WHAT THE EXERCISE ASKS: Copy each line of the data beneath in which the word "White" appears.

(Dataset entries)
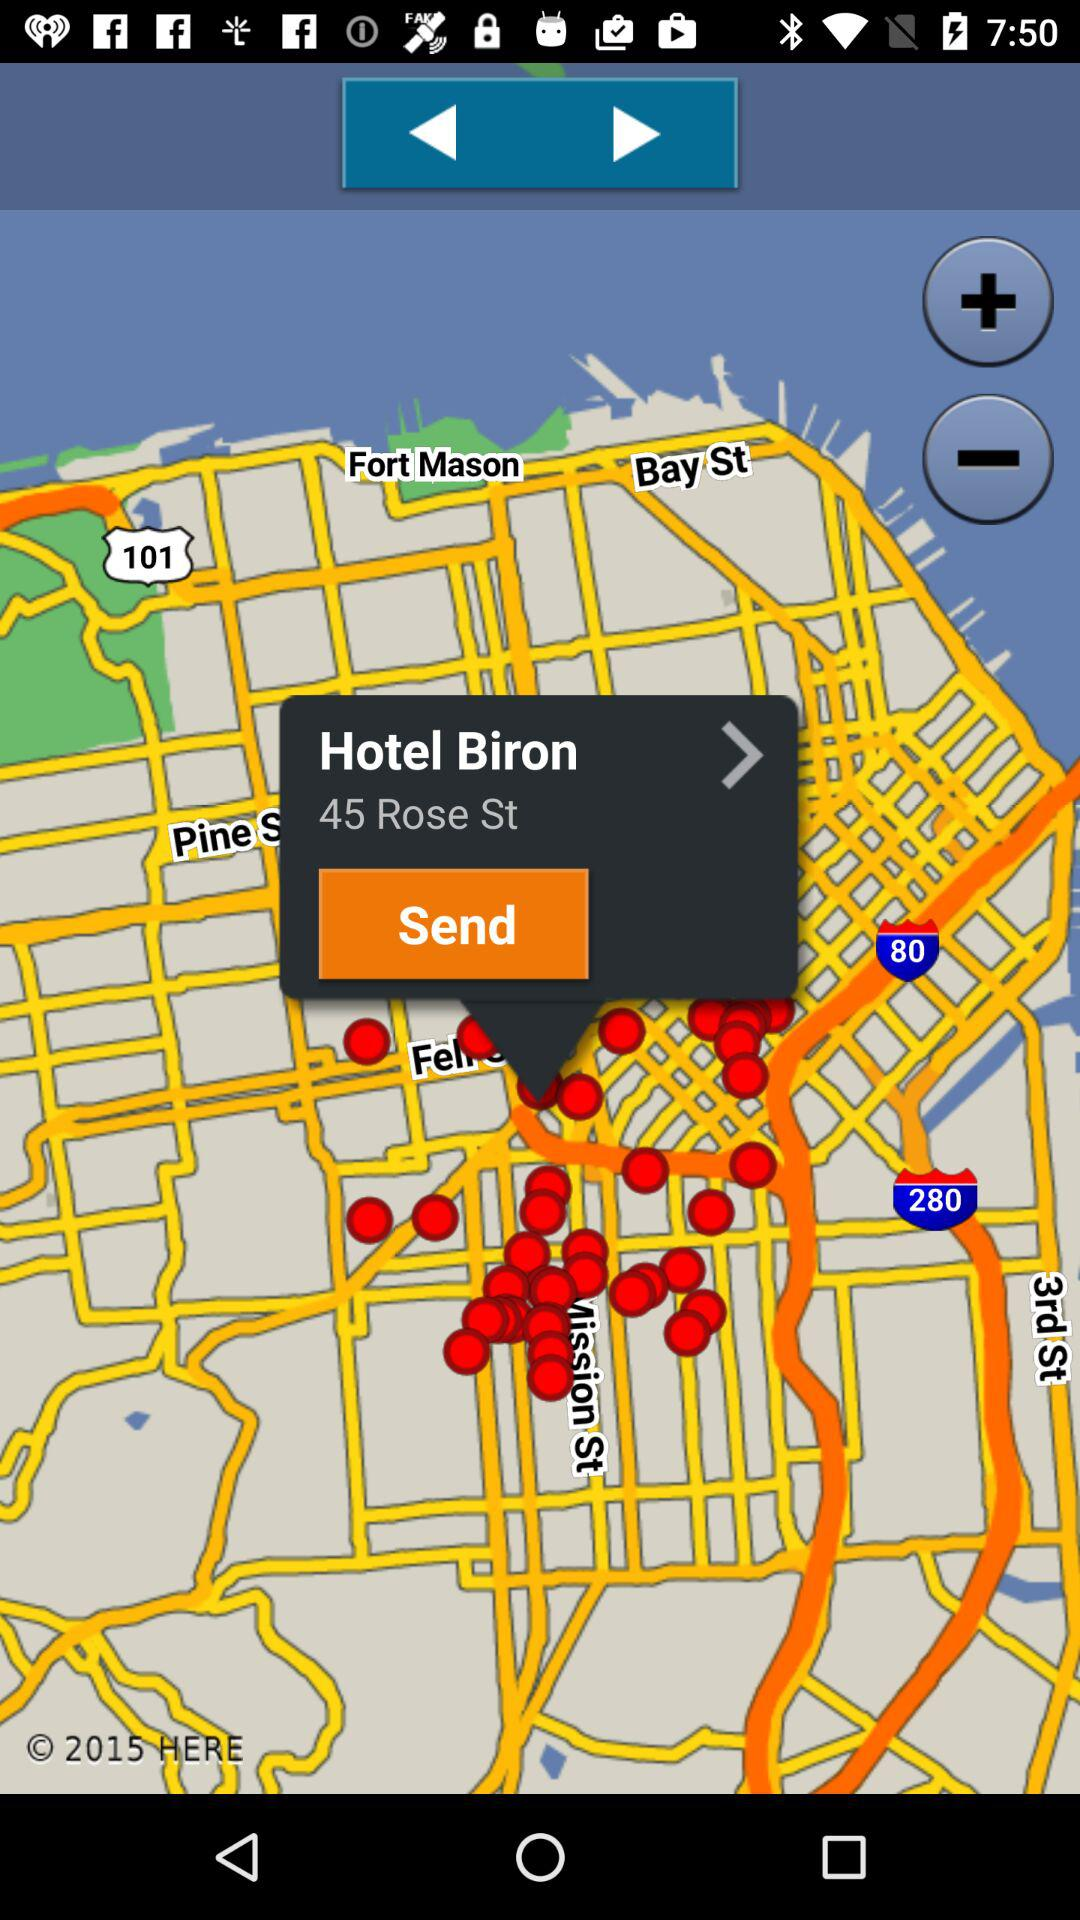What's the hotel name? The hotel name is "Hotel Biron". 
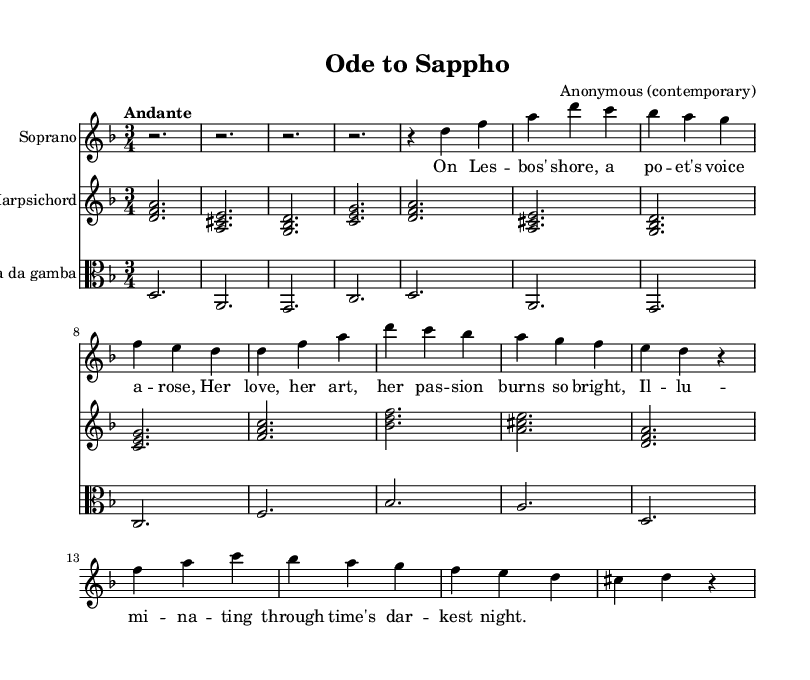What is the key signature of this music? The key signature is D minor, which has one flat. This can be confirmed by looking at the beginning of the staff where the key signature is indicated.
Answer: D minor What is the time signature of this music? The time signature is 3/4, which means there are three beats in each measure and a quarter note receives one beat. This is indicated at the beginning of the staff.
Answer: 3/4 What tempo marking is indicated for this piece? The piece is marked "Andante," which describes a moderately slow tempo. This marking appears near the beginning of the score.
Answer: Andante Which instruments are featured in this composition? The composition features Soprano, Harpsichord, and Viola da Gamba. These can be identified by their respective labels at the beginning of each staff in the score.
Answer: Soprano, Harpsichord, Viola da Gamba How many measures are in the Aria section? The Aria section consists of 8 measures. By counting the measures visually in the score, starting from the beginning of the Aria, we can determine the total.
Answer: 8 measures What type of musical form is used in this cantata? The cantata is structured with a Prelude, Recitative, and Aria, indicating a typical Baroque form focused on narrative and expressive content. Observing the arrangement of sections helps identify this form.
Answer: Prelude, Recitative, Aria 
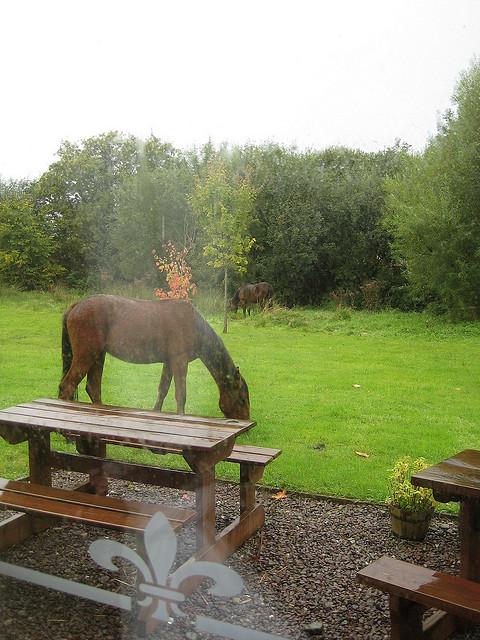Is the horse grazing?
Write a very short answer. Yes. How many animals in this photo?
Answer briefly. 2. What is the motif etched or painted onto the window?
Give a very brief answer. Fleur de lis. 
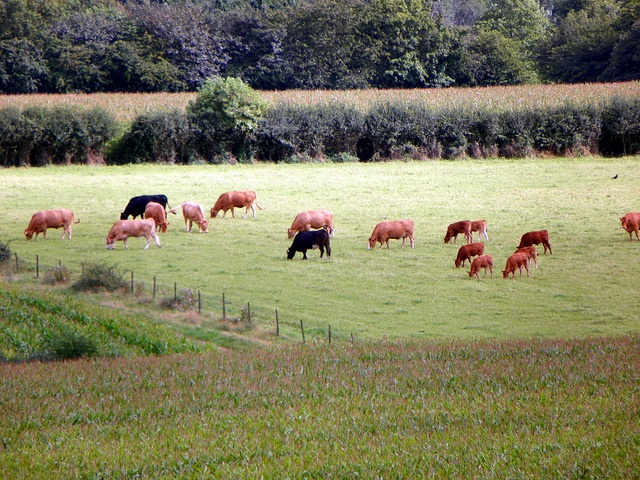Describe the objects in this image and their specific colors. I can see cow in purple, maroon, brown, and tan tones, cow in purple, brown, lightpink, pink, and darkgray tones, cow in purple, maroon, brown, and lightpink tones, cow in purple, brown, lightpink, and maroon tones, and cow in purple, black, gray, navy, and darkgray tones in this image. 
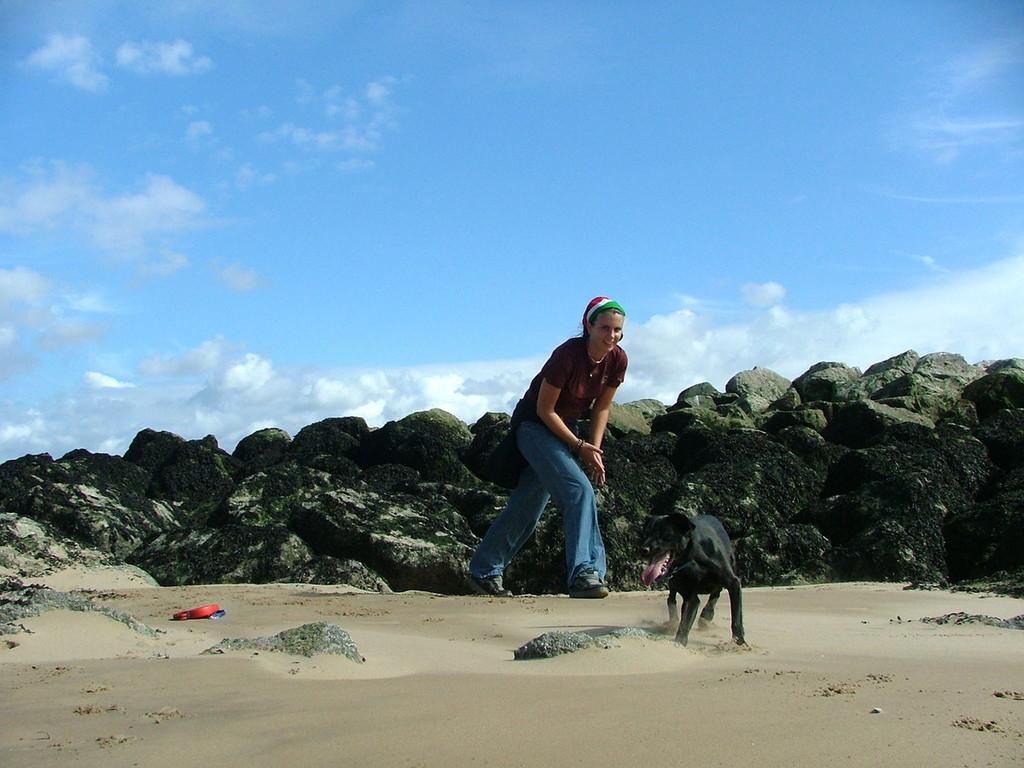What is the woman in the image doing? The woman is running in the image. What type of clothing is the woman wearing? The woman is wearing a t-shirt and trousers. Is there any animal present in the image? Yes, there is a dog in the image. What is the color of the dog? The dog is black in color. What is the color of the sky in the image? The sky is blue in the image. How many wrens can be seen flying in the image? There are no wrens present in the image. What act is the woman performing in the image? The woman is running, which is not an act but an action. 
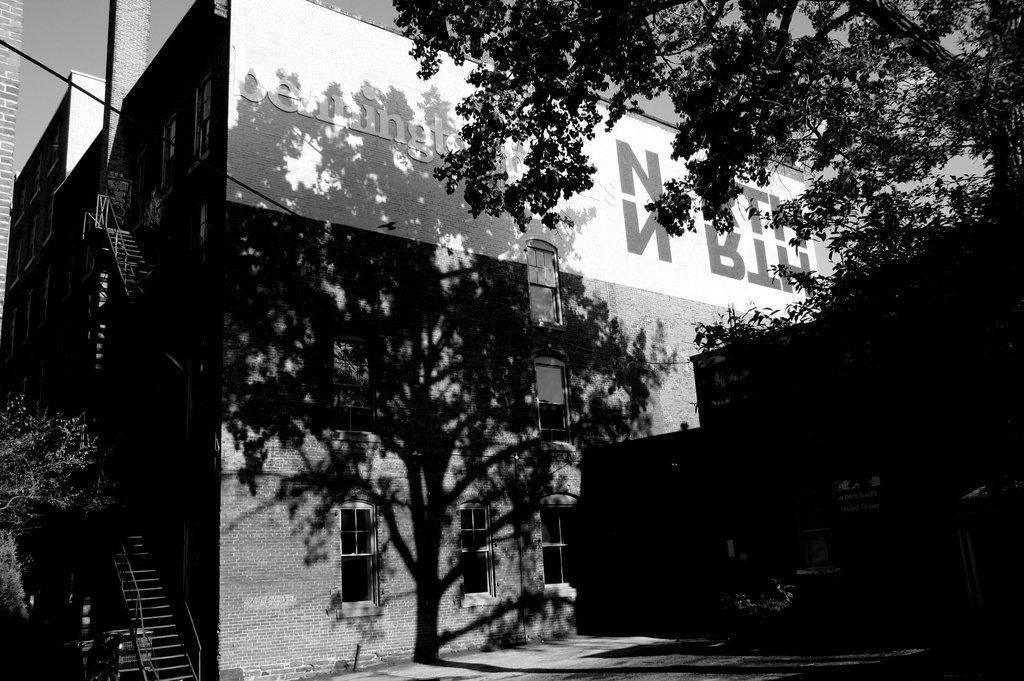Describe this image in one or two sentences. In this picture we can see the buildings. On the right we can see the tree near to the wall. On the left we can see steel stairs. At the top there is a sky. In the top left corner we can see the table. 
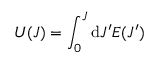Convert formula to latex. <formula><loc_0><loc_0><loc_500><loc_500>U ( J ) = \int _ { 0 } ^ { J } d J ^ { \prime } E ( J ^ { \prime } )</formula> 
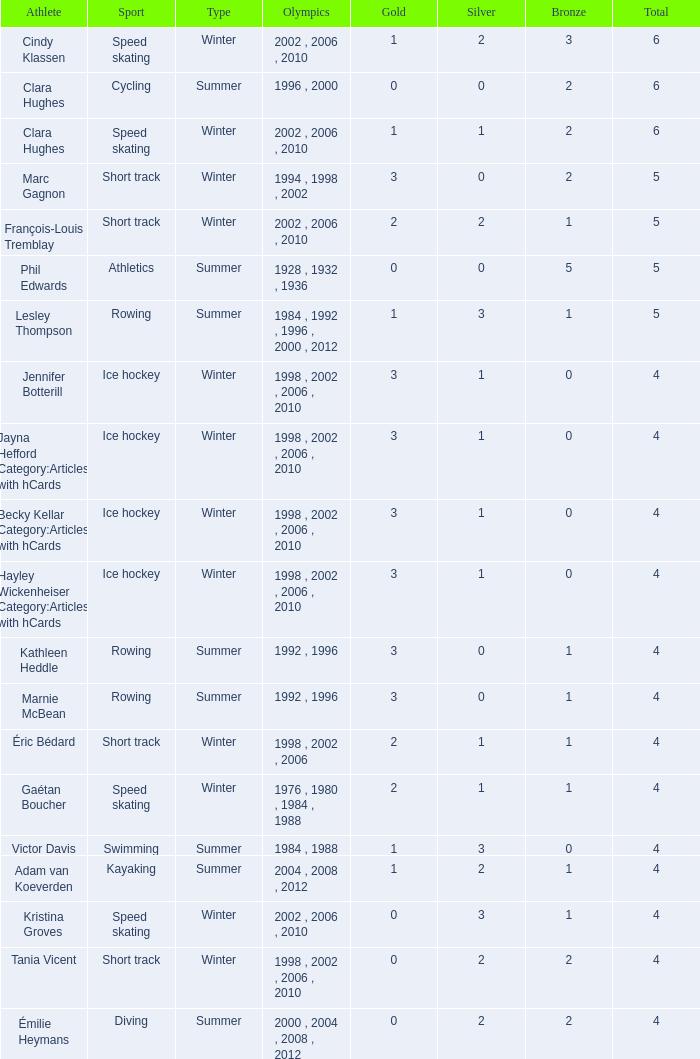What is the least number of bronze medals a short track athlete with no gold medals has? 2.0. 
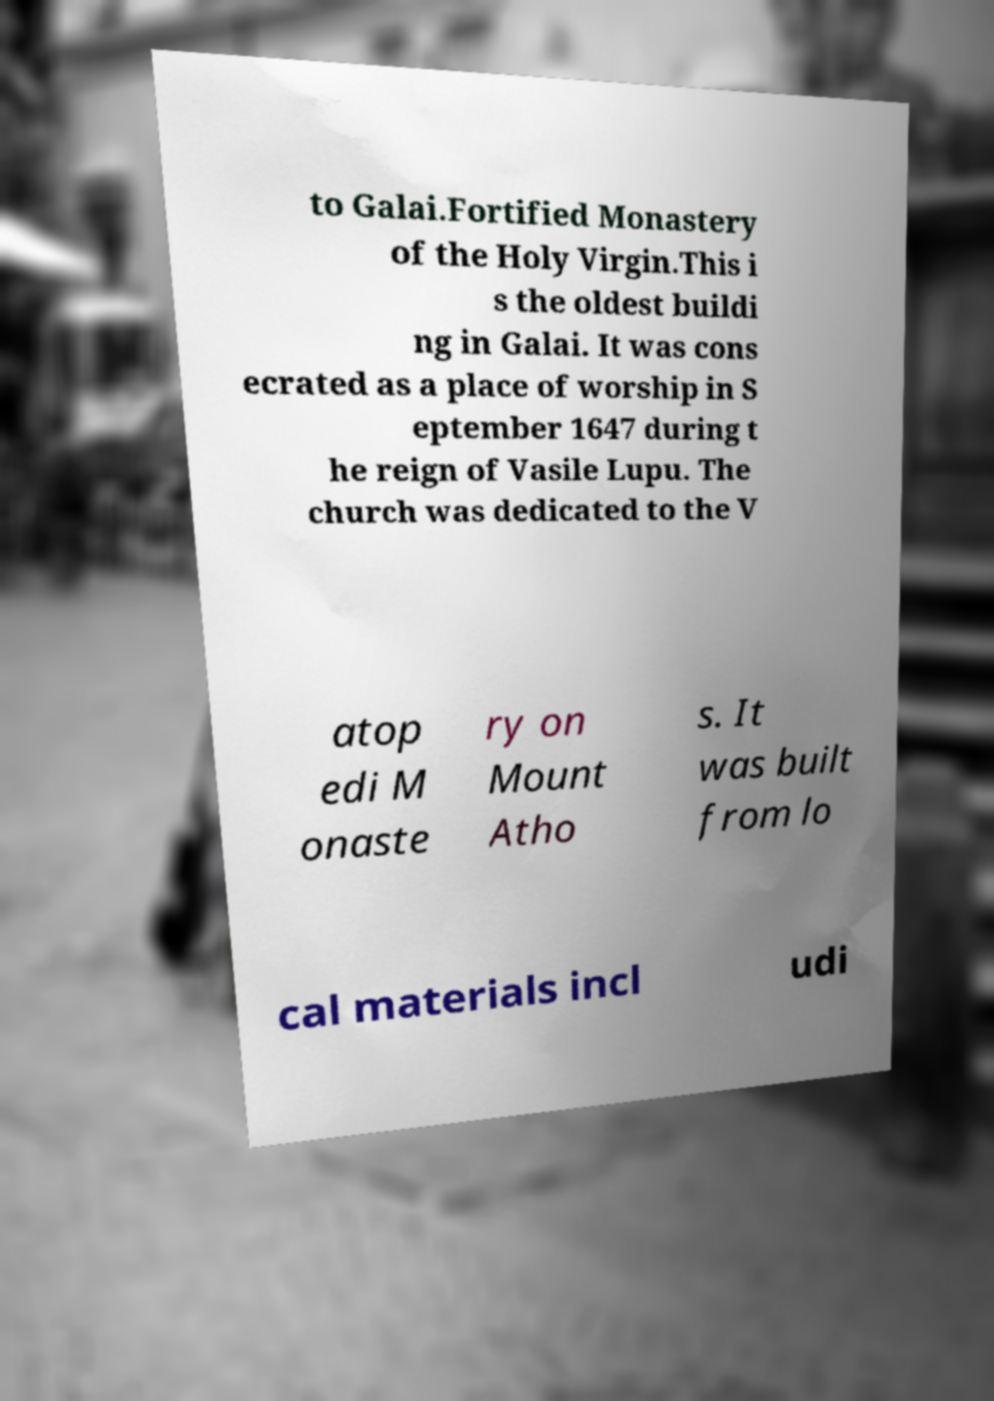I need the written content from this picture converted into text. Can you do that? to Galai.Fortified Monastery of the Holy Virgin.This i s the oldest buildi ng in Galai. It was cons ecrated as a place of worship in S eptember 1647 during t he reign of Vasile Lupu. The church was dedicated to the V atop edi M onaste ry on Mount Atho s. It was built from lo cal materials incl udi 
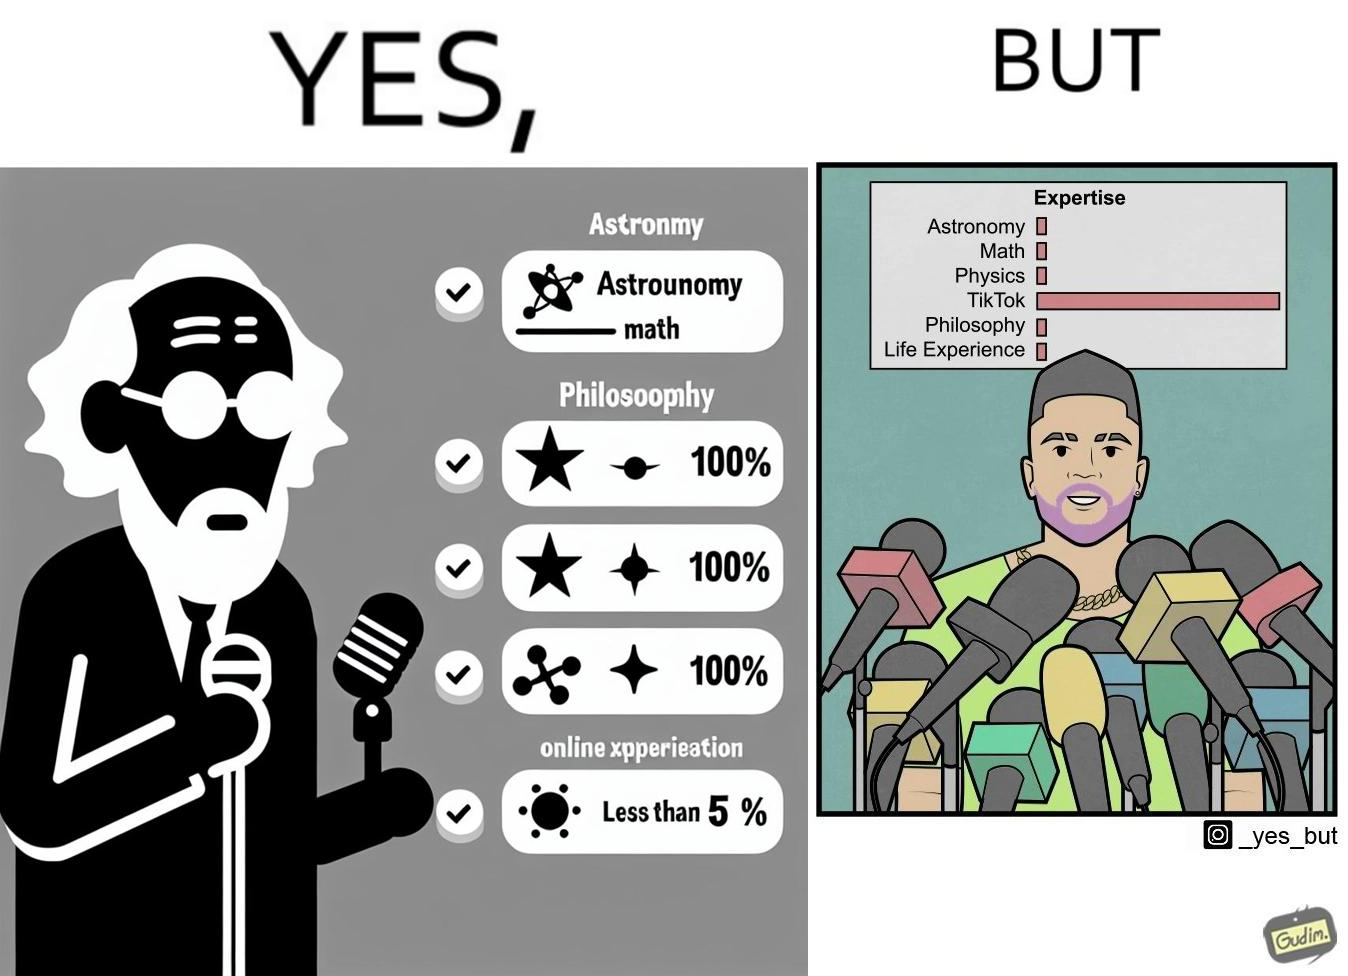Is this image satirical or non-satirical? Yes, this image is satirical. 
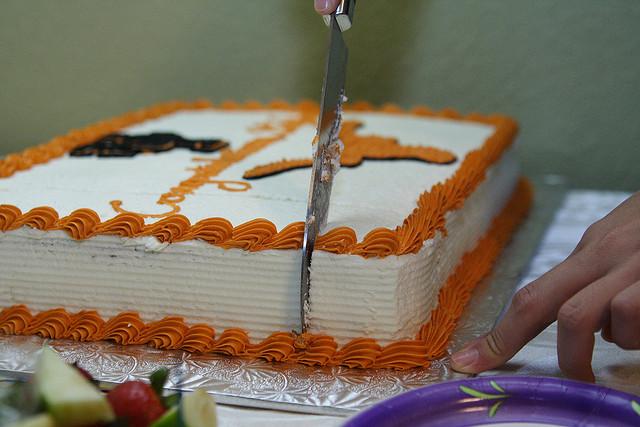What is the person cutting?
Write a very short answer. Cake. What is the dairy product in this meal?
Keep it brief. Milk. What colors are the cake?
Short answer required. White and orange. How many food items are there?
Give a very brief answer. 1. What color is the cake?
Answer briefly. White.

SOLUTION FOR THIS TASK:
Short answer required. White and orange. How many food items are there?
Answer briefly. White.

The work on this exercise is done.